The human costs of becoming profitable are enormous for a Maharatna company trying to increase productivity. According to D.D. Ramanandan, president of the National Coal Organisation Employees Association, a large number of contractual workers are hired by private contractors. “About 52 per cent of the coal is produced by about 3.5 lakh contract workers hired by various contractors to whom the work has been outsourced,” he said.

Ramanandan, who has been with Coal India Limited since 1977, has seen a decline in working conditions in the post-liberalisation era. “The lot of workers had improved after the nationalisation of companies in 1973. However, with liberalisation a large number of workers have been outsourced to private companies who hire them. This is a strategy to cut down on manpower costs. In 1973, Coal India was producing around 60 million tonnes of coal with 7.2 lakh workers whereas it now produces 434 million tonnes of coal with about 3.5 lakh workers,” he explained. The contract workers, who work under hazardous conditions, do not enjoy any social security benefits or basic amenities such as proper housing, drinking water and education for children.

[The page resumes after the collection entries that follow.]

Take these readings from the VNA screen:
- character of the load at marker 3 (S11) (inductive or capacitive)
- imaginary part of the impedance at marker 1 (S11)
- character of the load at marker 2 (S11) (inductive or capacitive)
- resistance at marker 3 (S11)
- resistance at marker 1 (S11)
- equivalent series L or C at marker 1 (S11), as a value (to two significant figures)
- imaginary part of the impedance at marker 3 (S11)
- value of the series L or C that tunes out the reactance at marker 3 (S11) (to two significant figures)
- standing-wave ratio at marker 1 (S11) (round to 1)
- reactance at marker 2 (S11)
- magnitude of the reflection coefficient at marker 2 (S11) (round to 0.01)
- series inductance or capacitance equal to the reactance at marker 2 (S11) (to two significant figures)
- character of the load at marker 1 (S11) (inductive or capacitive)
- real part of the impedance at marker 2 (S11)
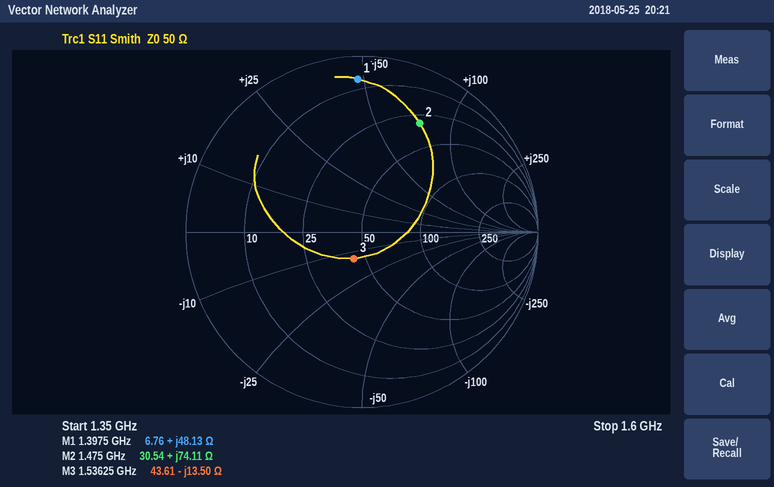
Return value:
capacitive
+48.13 Ω
inductive
43.61 Ω
6.76 Ω
5.5 nH
-13.50 Ω
1.4 nH
14
+74.11 Ω
0.70
8.0 nH
inductive
30.54 Ω
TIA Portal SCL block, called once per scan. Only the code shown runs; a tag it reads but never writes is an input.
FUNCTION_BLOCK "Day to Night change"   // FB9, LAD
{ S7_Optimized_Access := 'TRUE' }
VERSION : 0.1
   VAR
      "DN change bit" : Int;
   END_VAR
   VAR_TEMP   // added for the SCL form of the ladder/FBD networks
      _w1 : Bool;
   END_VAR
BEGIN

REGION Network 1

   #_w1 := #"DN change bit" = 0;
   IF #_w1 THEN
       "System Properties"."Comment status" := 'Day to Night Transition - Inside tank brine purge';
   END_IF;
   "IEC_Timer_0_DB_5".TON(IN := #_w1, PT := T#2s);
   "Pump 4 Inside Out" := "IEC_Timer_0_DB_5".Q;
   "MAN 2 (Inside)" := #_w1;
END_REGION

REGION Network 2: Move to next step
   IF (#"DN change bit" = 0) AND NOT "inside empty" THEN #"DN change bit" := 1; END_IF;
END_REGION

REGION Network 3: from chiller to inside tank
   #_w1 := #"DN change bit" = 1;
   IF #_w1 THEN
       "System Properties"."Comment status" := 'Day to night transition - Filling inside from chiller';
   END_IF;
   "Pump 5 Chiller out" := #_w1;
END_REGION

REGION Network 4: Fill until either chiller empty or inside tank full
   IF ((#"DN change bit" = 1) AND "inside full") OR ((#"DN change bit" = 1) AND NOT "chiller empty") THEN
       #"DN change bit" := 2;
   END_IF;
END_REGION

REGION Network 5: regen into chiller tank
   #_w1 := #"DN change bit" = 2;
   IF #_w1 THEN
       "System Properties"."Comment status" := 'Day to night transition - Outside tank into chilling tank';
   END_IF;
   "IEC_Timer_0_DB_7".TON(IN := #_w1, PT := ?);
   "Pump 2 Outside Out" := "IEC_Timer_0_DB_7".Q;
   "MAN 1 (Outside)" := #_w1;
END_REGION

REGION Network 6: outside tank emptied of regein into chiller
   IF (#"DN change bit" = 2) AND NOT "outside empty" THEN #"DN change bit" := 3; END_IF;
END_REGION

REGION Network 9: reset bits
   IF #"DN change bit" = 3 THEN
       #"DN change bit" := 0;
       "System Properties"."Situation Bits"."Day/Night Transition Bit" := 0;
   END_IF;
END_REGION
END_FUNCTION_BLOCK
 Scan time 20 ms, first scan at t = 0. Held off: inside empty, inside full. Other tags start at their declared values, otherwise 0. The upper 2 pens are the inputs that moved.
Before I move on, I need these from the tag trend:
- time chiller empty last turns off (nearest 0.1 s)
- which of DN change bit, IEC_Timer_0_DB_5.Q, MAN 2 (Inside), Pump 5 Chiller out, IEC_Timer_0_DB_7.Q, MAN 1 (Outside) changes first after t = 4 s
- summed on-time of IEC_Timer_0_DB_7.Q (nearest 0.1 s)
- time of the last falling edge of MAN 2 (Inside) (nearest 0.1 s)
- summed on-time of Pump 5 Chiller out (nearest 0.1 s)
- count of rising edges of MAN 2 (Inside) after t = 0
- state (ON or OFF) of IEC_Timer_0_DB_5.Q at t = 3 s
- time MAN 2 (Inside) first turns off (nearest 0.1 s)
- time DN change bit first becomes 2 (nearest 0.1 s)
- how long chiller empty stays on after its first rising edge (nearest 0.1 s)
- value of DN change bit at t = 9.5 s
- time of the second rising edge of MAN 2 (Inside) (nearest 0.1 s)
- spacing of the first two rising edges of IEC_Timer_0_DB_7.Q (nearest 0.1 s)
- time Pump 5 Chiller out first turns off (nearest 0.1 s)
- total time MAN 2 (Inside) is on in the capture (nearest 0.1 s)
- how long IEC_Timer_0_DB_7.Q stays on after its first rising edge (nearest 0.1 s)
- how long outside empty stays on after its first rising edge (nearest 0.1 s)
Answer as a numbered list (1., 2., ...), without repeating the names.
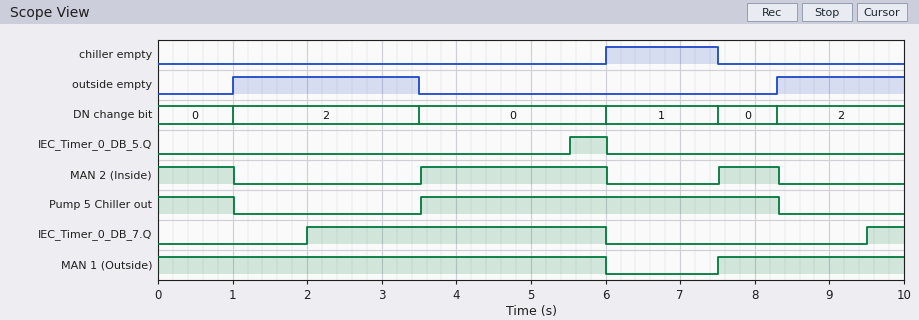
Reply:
1. 7.5 s
2. IEC_Timer_0_DB_5.Q
3. 4.5 s
4. 8.3 s
5. 5.8 s
6. 2
7. OFF
8. 1.0 s
9. 1.0 s
10. 1.5 s
11. 2
12. 7.5 s
13. 7.5 s
14. 1.0 s
15. 4.3 s
16. 4.0 s
17. 2.5 s
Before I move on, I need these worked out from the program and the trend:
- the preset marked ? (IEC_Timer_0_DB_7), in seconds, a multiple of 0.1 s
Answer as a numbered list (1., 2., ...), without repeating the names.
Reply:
1. 2.0 s
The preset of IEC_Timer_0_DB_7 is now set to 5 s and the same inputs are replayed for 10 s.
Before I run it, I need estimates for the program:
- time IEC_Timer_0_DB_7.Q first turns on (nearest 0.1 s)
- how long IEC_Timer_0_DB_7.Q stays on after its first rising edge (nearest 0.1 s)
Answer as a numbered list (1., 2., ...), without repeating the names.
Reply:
1. 5.0 s
2. 1.0 s
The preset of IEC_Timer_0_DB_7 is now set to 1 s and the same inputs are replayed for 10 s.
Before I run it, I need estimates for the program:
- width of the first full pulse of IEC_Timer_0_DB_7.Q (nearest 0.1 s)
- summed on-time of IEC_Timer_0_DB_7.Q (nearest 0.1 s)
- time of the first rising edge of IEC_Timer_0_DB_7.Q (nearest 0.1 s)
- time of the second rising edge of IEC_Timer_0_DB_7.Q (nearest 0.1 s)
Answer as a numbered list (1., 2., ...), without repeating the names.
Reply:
1. 5.0 s
2. 6.5 s
3. 1.0 s
4. 8.5 s
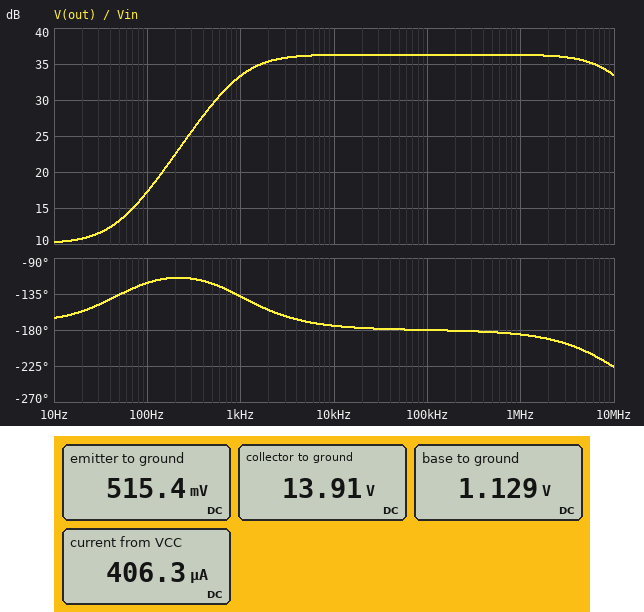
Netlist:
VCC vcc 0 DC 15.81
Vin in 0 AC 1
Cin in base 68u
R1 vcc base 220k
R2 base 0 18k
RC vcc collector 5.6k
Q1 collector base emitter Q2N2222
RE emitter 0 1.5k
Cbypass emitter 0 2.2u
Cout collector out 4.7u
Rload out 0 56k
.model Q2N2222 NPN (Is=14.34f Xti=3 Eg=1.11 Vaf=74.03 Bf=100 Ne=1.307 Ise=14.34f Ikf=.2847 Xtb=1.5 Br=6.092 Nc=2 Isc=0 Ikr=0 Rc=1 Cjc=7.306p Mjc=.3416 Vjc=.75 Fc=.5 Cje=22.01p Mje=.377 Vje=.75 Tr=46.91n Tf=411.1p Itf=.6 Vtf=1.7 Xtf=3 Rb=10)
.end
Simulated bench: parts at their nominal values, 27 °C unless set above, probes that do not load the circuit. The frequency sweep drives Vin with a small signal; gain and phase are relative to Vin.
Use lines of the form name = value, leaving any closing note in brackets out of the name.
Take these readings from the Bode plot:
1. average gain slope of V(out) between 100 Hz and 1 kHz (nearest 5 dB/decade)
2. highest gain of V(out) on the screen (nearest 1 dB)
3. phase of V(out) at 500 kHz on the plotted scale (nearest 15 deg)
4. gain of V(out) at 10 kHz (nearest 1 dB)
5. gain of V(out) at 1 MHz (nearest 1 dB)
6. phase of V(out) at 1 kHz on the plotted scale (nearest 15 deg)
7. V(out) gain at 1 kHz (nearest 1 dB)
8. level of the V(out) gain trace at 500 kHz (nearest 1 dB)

average gain slope of V(out) between 100 Hz and 1 kHz = 15 dB/decade
highest gain of V(out) on the screen = 36 dB
phase of V(out) at 500 kHz on the plotted scale = -180 deg
gain of V(out) at 10 kHz = 36 dB
gain of V(out) at 1 MHz = 36 dB
phase of V(out) at 1 kHz on the plotted scale = -135 deg
V(out) gain at 1 kHz = 33 dB
level of the V(out) gain trace at 500 kHz = 36 dB
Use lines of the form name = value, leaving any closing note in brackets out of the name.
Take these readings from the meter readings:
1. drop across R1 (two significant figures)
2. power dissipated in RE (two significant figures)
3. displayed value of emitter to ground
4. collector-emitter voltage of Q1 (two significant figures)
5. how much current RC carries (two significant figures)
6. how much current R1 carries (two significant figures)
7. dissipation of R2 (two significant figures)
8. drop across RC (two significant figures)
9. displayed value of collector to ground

drop across R1 = 15 V
power dissipated in RE = 180 µW
displayed value of emitter to ground = 515.4 mV
collector-emitter voltage of Q1 = 13 V
how much current RC carries = 340 µA
how much current R1 carries = 67 µA
dissipation of R2 = 71 µW
drop across RC = 1.9 V
displayed value of collector to ground = 13.91 V
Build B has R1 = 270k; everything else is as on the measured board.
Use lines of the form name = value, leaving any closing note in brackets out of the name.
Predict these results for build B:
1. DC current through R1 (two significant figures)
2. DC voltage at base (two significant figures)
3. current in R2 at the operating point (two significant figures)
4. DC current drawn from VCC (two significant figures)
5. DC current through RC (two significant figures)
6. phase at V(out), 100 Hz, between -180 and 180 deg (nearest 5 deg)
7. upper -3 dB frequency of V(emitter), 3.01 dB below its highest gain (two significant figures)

DC current through R1 = 55 µA
DC voltage at base = 940 mV
current in R2 at the operating point = 52 µA
DC current drawn from VCC = 280 µA
DC current through RC = 220 µA
phase at V(out), 100 Hz, between -180 and 180 deg = -125 deg
upper -3 dB frequency of V(emitter), 3.01 dB below its highest gain = 670 Hz
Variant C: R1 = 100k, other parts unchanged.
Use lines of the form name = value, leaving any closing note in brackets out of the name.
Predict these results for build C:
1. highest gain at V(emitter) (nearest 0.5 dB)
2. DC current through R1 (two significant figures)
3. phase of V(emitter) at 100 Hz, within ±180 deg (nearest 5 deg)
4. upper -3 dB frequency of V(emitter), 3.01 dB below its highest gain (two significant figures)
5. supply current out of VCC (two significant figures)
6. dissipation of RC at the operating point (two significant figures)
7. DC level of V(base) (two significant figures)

highest gain at V(emitter) = 0 dB
DC current through R1 = 140 µA
phase of V(emitter) at 100 Hz, within ±180 deg = 0 deg
upper -3 dB frequency of V(emitter), 3.01 dB below its highest gain = 2.8 kHz
supply current out of VCC = 1.2 mA
dissipation of RC at the operating point = 6.1 mW
DC level of V(base) = 2.2 V
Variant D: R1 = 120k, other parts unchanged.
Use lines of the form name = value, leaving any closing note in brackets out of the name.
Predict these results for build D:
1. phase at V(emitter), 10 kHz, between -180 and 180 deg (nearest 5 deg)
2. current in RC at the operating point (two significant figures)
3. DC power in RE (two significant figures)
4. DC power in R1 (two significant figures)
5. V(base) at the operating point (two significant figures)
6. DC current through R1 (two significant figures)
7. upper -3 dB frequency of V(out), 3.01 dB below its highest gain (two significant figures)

phase at V(emitter), 10 kHz, between -180 and 180 deg = -75 deg
current in RC at the operating point = 840 µA
DC power in RE = 1.1 mW
DC power in R1 = 1.6 mW
V(base) at the operating point = 1.9 V
DC current through R1 = 120 µA
upper -3 dB frequency of V(out), 3.01 dB below its highest gain = 8.2 MHz

Ramanandan compares the present insecurity with the situation following nationalisation. “After nationalisation, workers were granted casual leave for the first time. Service conditions, housing and sanitation had also improved substantially,” he said.

In January this year, a joint tripartite committee of CIL raised the wages of workers to Rs.427 a day and made a provision for dearness allowance adjusted according to the Consumer Price Index. However, the issue of regularisation of contract workers continues to be a sticking point.